The other bit here is a lot of companies at the moment are going, "Will I wait? I don't think this is going to impact me". I call that the will and the skill element. AI is everywhere. I've been in technology for 30 years, and I have seen not just the excitement . . .
Remember, all technology really rises up in what I call the hype curve. So you remember a couple of years ago, metaverse was going to be huge. Facebook changed its name. It may still be huge. I can't really see that. Blockchain, Bitcoin, all of these things were absolutely massive. They go through hype cycles. Again, I couldn't get that one.
I've worked in data science for 13 years, leading data science teams. I watch technology trends. This is one that isn't going to go away. Watch what Microsoft are doing building in Copilot, their generative AI engine, into everything they're doing. Every one of the big manufacturers, Canva, pick your partner, pick your technology, are all putting AI into everything. Why? Because it works, and because it's affordable.
This isn't going away. If you're not going to do it, your competitors are already doing this. So please, please, please, have the will and have the skill. You need to use AI. It is going to impact how we operate. It is going to impact jobs. Get ready and get prepared. No, I don't mean that as a frightening statement. I mean that as a call to action, and everything will be wonderfully good in the world.
The other bit here, and this is more a statement, is "Are you in a constant state of reinvention?" Let me explain that. Technology is impacting what we're doing. Things have never been faster, and things will never be slower because technology has that type of driving, driving, driving impact.

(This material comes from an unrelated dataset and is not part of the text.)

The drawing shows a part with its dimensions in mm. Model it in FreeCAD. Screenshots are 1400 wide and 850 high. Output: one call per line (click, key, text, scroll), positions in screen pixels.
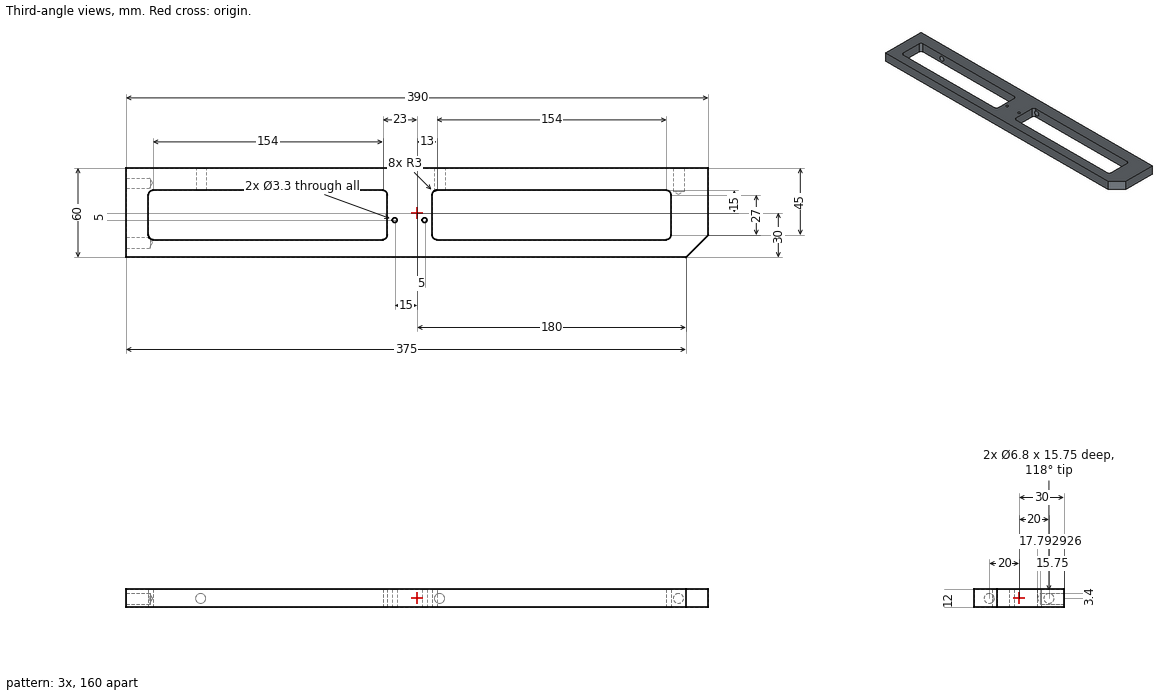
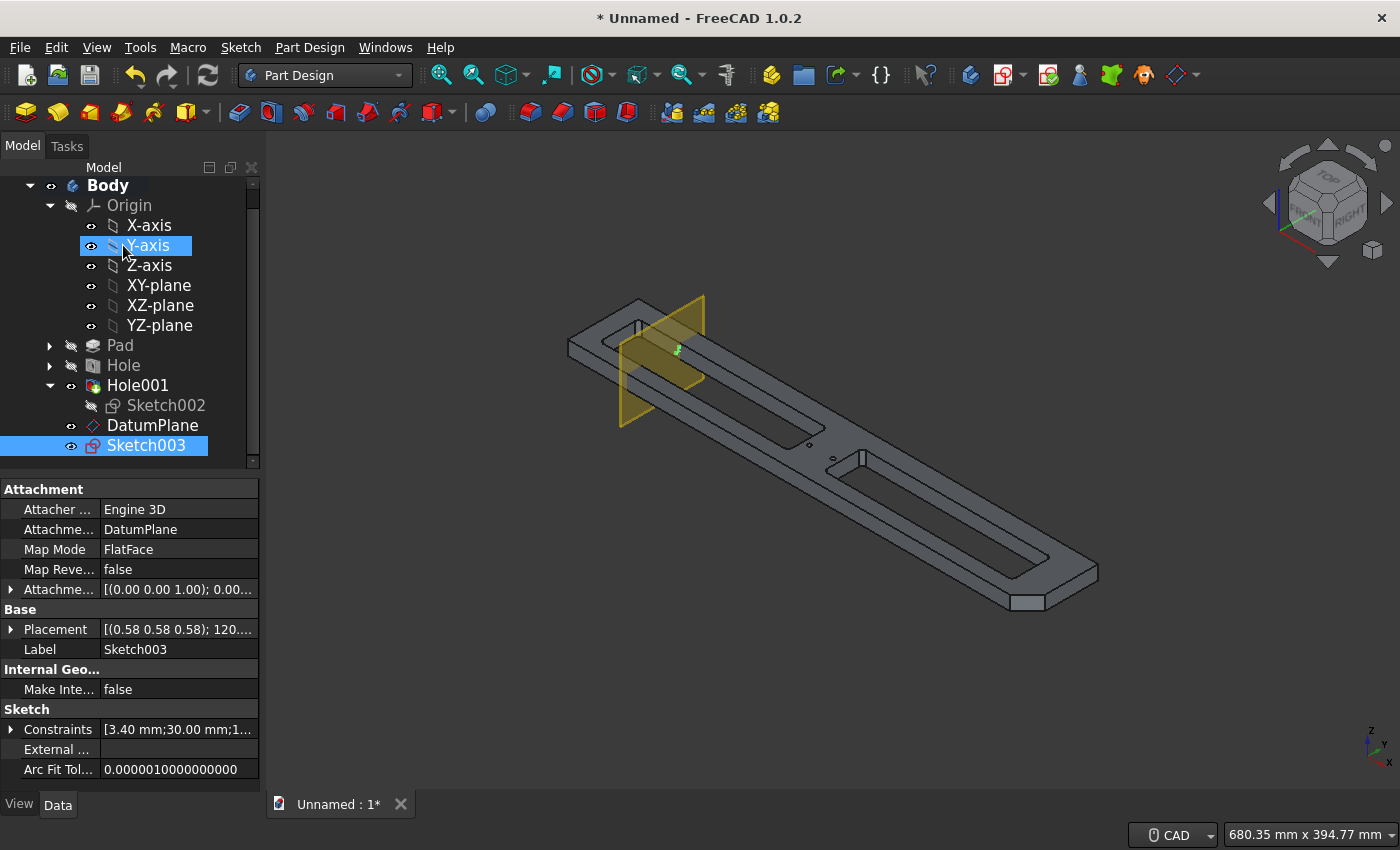
click(304, 112)

As Barry mentioned at the top end, 12 months ago, we weren't even talking about ChatGPT. Now every dollar that I can see from venture capitalist companies, from big investment firms, is going into AI because this technology works. That's going to accelerate how much technology is actually impacting our roles and our lives and our businesses and our markets around us.
So what we're going to have to get used to is constantly being in a state of change, constantly watching what's happening and how technology is driving the market, and constantly amending how we go about what we deliver, how we use AI to deliver that, and how we get folks inside of our business, including ourselves in HR, the skills that they need to be able to have a wonderful career with us for as long as possible by constantly keeping an eye on the market and training and retraining and investing in new ways of working, in new technologies, particularly AI, conversational AI, ChatGPT, and others.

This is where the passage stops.